### Task item
In the listing below, find the line that contains "text Kamerstuk 30 872, nr. 148. [422, 1352, 1087, 1374]" and the line that contains "subtitle Problemen bij". Quote both and every line between them, exactly, and nothing more.

### Records provided
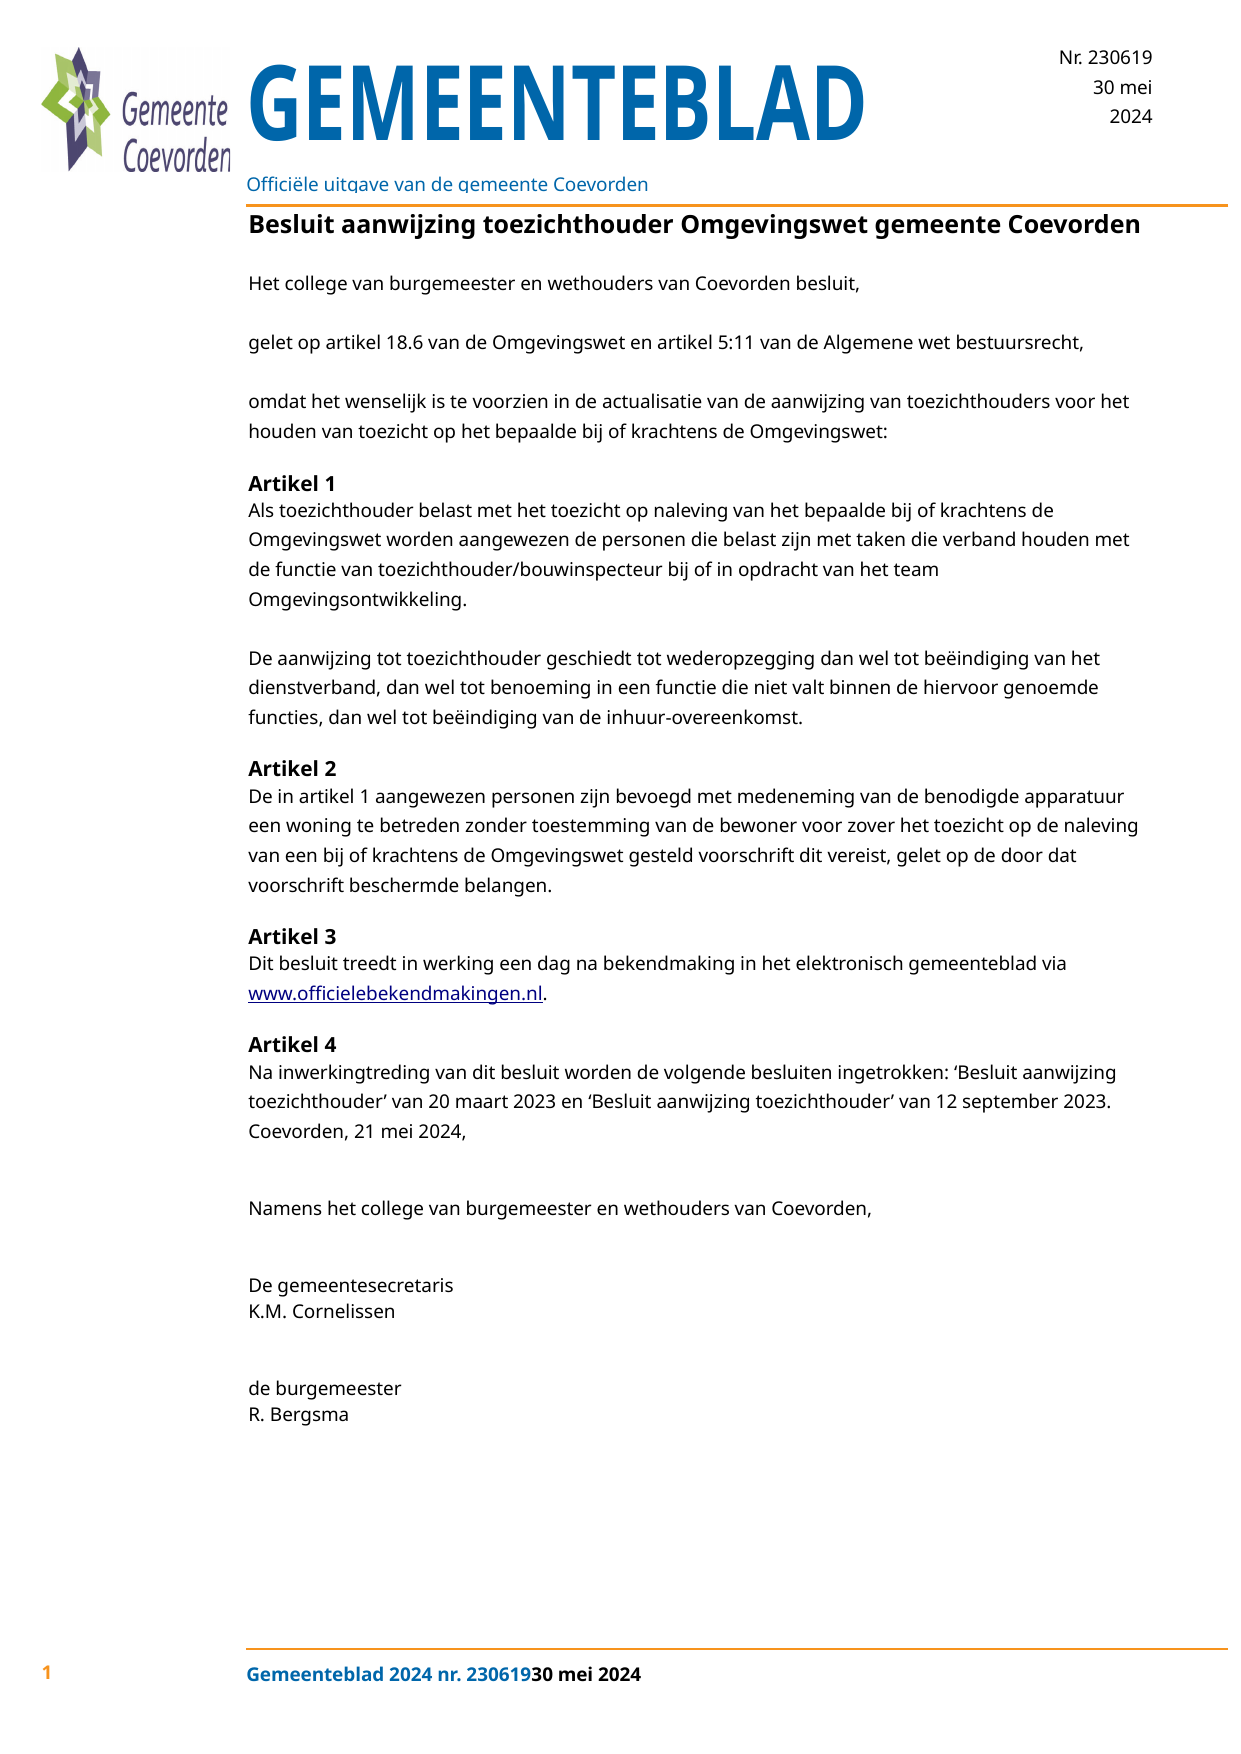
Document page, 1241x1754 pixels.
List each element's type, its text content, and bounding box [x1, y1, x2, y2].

text Het college van burgemeester en wethouders van Coevorden besluit, [248, 270, 1152, 296]
text omdat het wenselijk is te voorzien in de actualisatie van de aanwijzing van toezichthouders voor het houden van toezicht op het bepaalde bij of krachtens de Omgevingswet: [248, 389, 1152, 444]
text Besluit aanwijzing toezichthouder Omgevingswet gemeente Coevorden [248, 207, 1152, 241]
text Coevorden, 21 mei 2024, [248, 1118, 1152, 1144]
text De gemeentesecretaris [248, 1273, 1152, 1298]
text De aanwijzing tot toezichthouder geschiedt tot wederopzegging dan wel tot beëindiging van het dienstverband, dan wel tot benoeming in een functie die niet valt binnen de hiervoor genoemde functies, dan wel tot beëindiging van de inhuur-overeenkomst. [248, 645, 1152, 730]
text K.M. Cornelissen [248, 1298, 1152, 1324]
text de burgemeester [248, 1376, 1152, 1401]
text Artikel 4 [248, 1031, 1152, 1059]
picture [41, 47, 231, 172]
text Artikel 2 [248, 754, 1152, 783]
text R. Bergsma [248, 1401, 1152, 1427]
text Artikel 1 [248, 469, 1152, 497]
text Artikel 3 [248, 922, 1152, 951]
text Na inwerkingtreding van dit besluit worden de volgende besluiten ingetrokken: ‘Besluit aanwijzing toezichthouder’ van 20 maart 2023 en ‘Besluit aanwijzing toezichthouder’ van 12 september 2023. [248, 1059, 1152, 1114]
text Dit besluit treedt in werking een dag na bekendmaking in het elektronisch gemeenteblad via www.officielebekendmakingen.nl. [248, 951, 1152, 1006]
text Namens het college van burgemeester en wethouders van Coevorden, [248, 1195, 1152, 1221]
text De in artikel 1 aangewezen personen zijn bevoegd met medeneming van de benodigde apparatuur een woning te betreden zonder toestemming van de bewoner voor zover het toezicht op de naleving van een bij of krachtens de Omgevingswet gesteld voorschrift dit vereist, gelet op de door dat voorschrift beschermde belangen. [248, 783, 1152, 897]
text gelet op artikel 18.6 van de Omgevingswet en artikel 5:11 van de Algemene wet bestuursrecht, [248, 329, 1152, 355]
text Als toezichthouder belast met het toezicht op naleving van het bepaalde bij of krachtens de Omgevingswet worden aangewezen de personen die belast zijn met taken die verband houden met de functie van toezichthouder/bouwinspecteur bij of in opdracht van het team Omgevingsontwikkeling. [248, 497, 1152, 612]
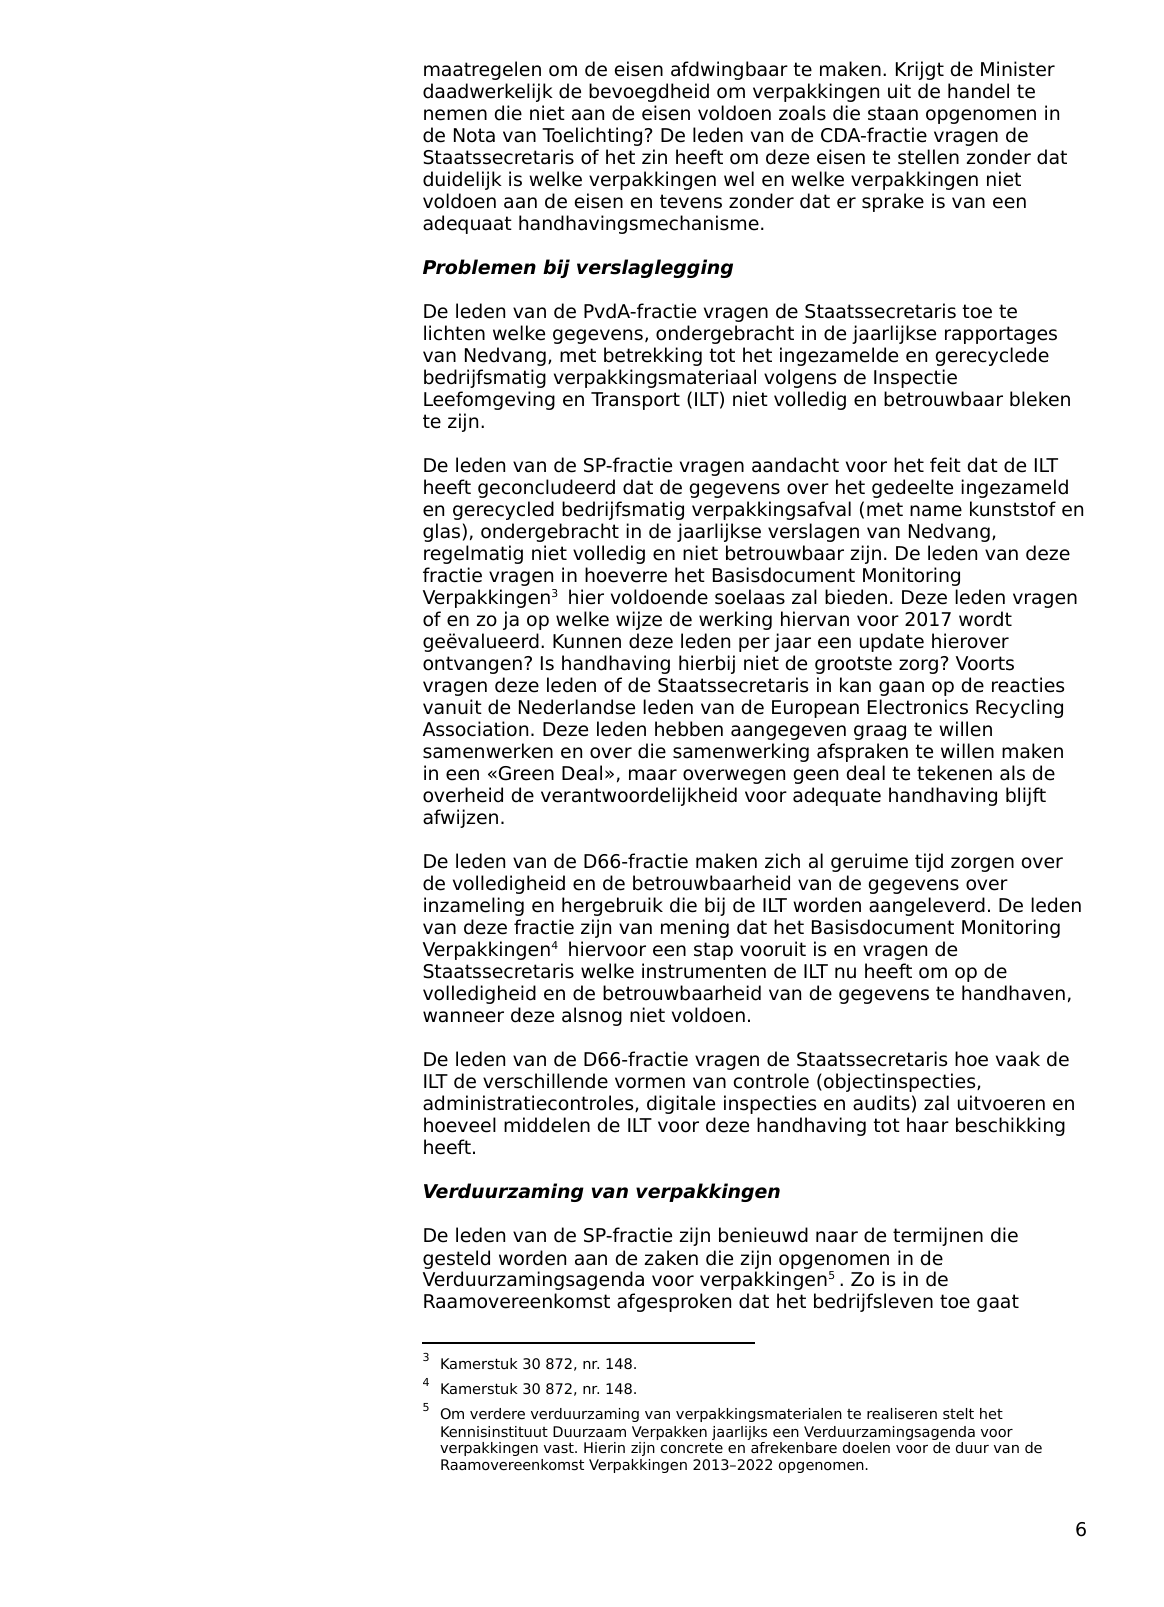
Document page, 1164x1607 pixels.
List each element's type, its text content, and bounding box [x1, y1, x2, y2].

text De leden van de SP-fractie vragen aandacht voor het feit dat de ILT heeft geconcludeerd dat de gegevens over het gedeelte ingezameld en gerecycled bedrijfsmatig verpakkingsafval (met name kunststof en glas), ondergebracht in de jaarlijkse verslagen van Nedvang, regelmatig niet volledig en niet betrouwbaar zijn. De leden van deze fractie vragen in hoeverre het Basisdocument Monitoring Verpakkingen hier voldoende soelaas zal bieden. Deze leden vragen of en zo ja op welke wijze de werking hiervan voor 2017 wordt geëvalueerd. Kunnen deze leden per jaar een update hierover ontvangen? Is handhaving hierbij niet de grootste zorg? Voorts vragen deze leden of de Staatssecretaris in kan gaan op de reacties vanuit de Nederlandse leden van de European Electronics Recycling Association. Deze leden hebben aangegeven graag te willen samenwerken en over die samenwerking afspraken te willen maken in een «Green Deal», maar overwegen geen deal te tekenen als de overheid de verantwoordelijkheid voor adequate handhaving blijft afwijzen. [422, 455, 1087, 829]
text Kamerstuk 30 872, nr. 148. [422, 1352, 1087, 1374]
subtitle Problemen bij verslaglegging [422, 257, 1087, 279]
text De leden van de D66-fractie maken zich al geruime tijd zorgen over de volledigheid en de betrouwbaarheid van de gegevens over inzameling en hergebruik die bij de ILT worden aangeleverd. De leden van deze fractie zijn van mening dat het Basisdocument Monitoring Verpakkingen hiervoor een stap vooruit is en vragen de Staatssecretaris welke instrumenten de ILT nu heeft om op de volledigheid en de betrouwbaarheid van de gegevens te handhaven, wanneer deze alsnog niet voldoen. [422, 851, 1087, 1027]
text De leden van de SP-fractie zijn benieuwd naar de termijnen die gesteld worden aan de zaken die zijn opgenomen in de Verduurzamingsagenda voor verpakkingen. Zo is in de Raamovereenkomst afgesproken dat het bedrijfsleven toe gaat [422, 1225, 1087, 1313]
text maatregelen om de eisen afdwingbaar te maken. Krijgt de Minister daadwerkelijk de bevoegdheid om verpakkingen uit de handel te nemen die niet aan de eisen voldoen zoals die staan opgenomen in de Nota van Toelichting? De leden van de CDA-fractie vragen de Staatssecretaris of het zin heeft om deze eisen te stellen zonder dat duidelijk is welke verpakkingen wel en welke verpakkingen niet voldoen aan de eisen en tevens zonder dat er sprake is van een adequaat handhavingsmechanisme. [422, 59, 1087, 235]
text De leden van de D66-fractie vragen de Staatssecretaris hoe vaak de ILT de verschillende vormen van controle (objectinspecties, administratiecontroles, digitale inspecties en audits) zal uitvoeren en hoeveel middelen de ILT voor deze handhaving tot haar beschikking heeft. [422, 1049, 1087, 1159]
text Kamerstuk 30 872, nr. 148. [422, 1377, 1087, 1399]
text De leden van de PvdA-fractie vragen de Staatssecretaris toe te lichten welke gegevens, ondergebracht in de jaarlijkse rapportages van Nedvang, met betrekking tot het ingezamelde en gerecyclede bedrijfsmatig verpakkingsmateriaal volgens de Inspectie Leefomgeving en Transport (ILT) niet volledig en betrouwbaar bleken te zijn. [422, 301, 1087, 433]
text Om verdere verduurzaming van verpakkingsmaterialen te realiseren stelt het Kennisinstituut Duurzaam Verpakken jaarlijks een Verduurzamingsagenda voor verpakkingen vast. Hierin zijn concrete en afrekenbare doelen voor de duur van de Raamovereenkomst Verpakkingen 2013–2022 opgenomen. [422, 1402, 1087, 1474]
subtitle Verduurzaming van verpakkingen [422, 1181, 1087, 1203]
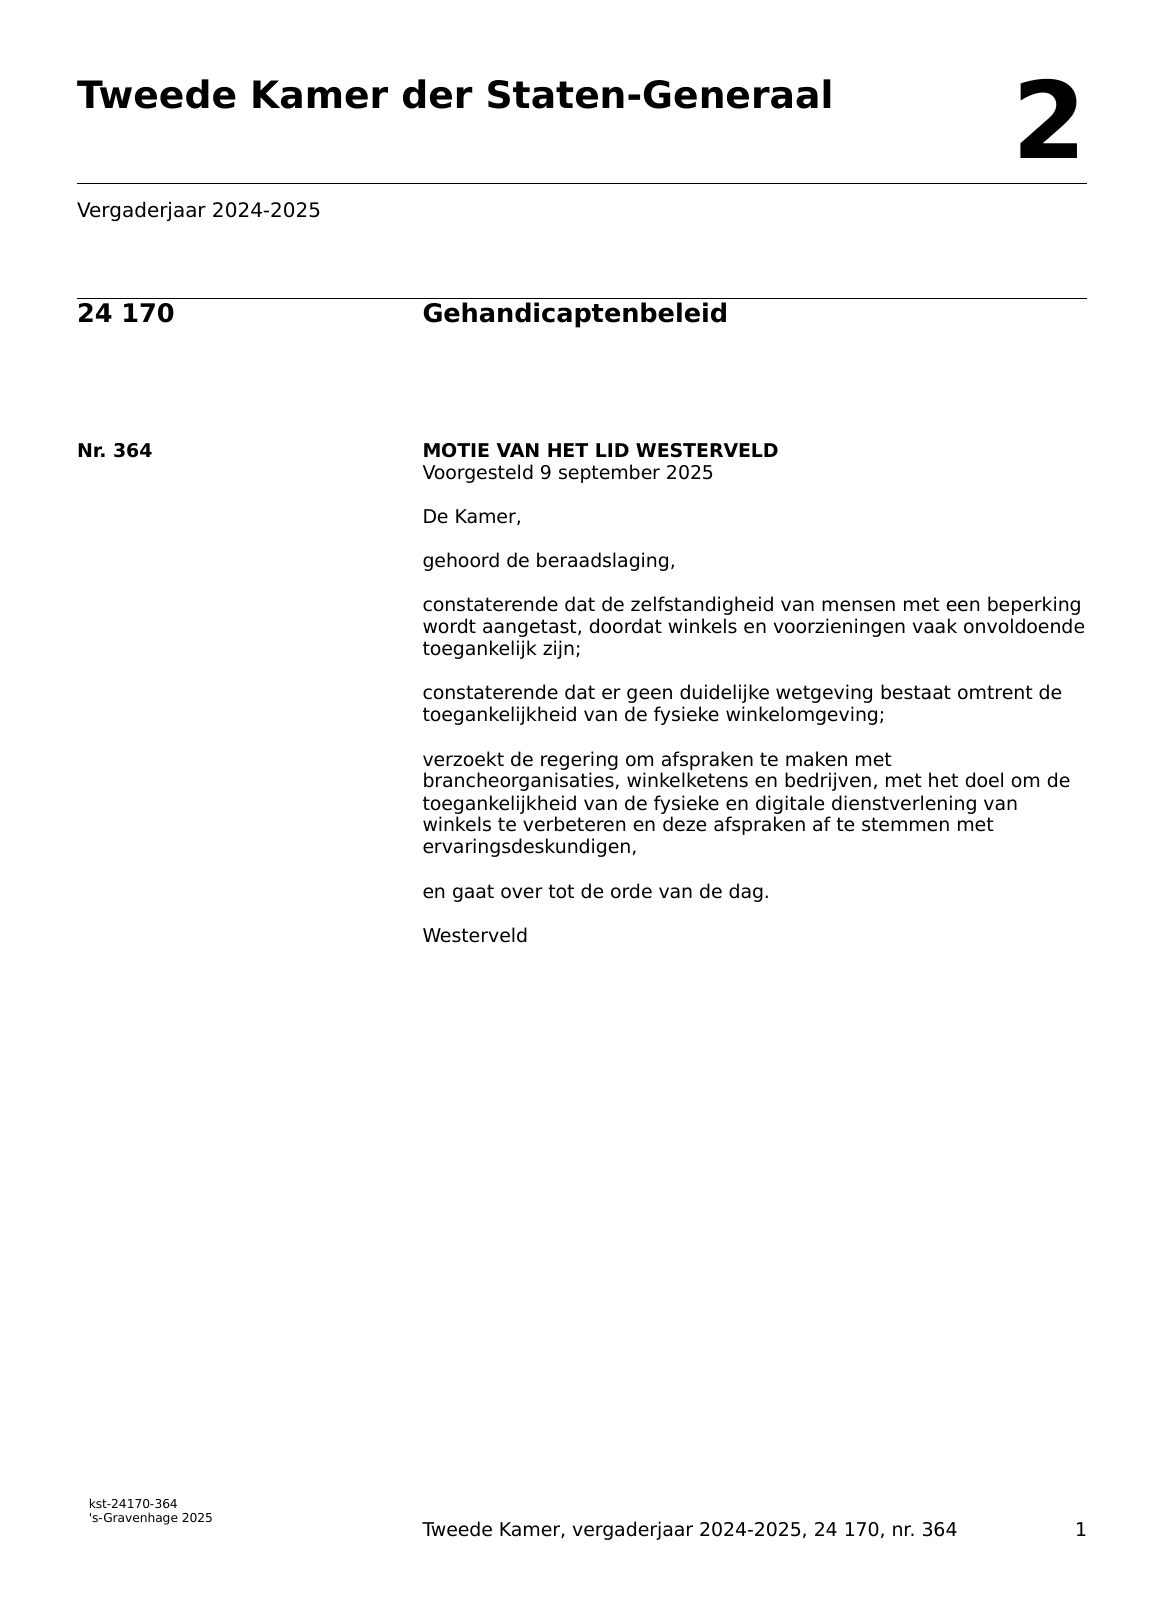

### Task solution
text Kamerstuk 30 872, nr. 148. [422, 1352, 1087, 1374]
subtitle Problemen bij verslaglegging [422, 257, 1087, 279]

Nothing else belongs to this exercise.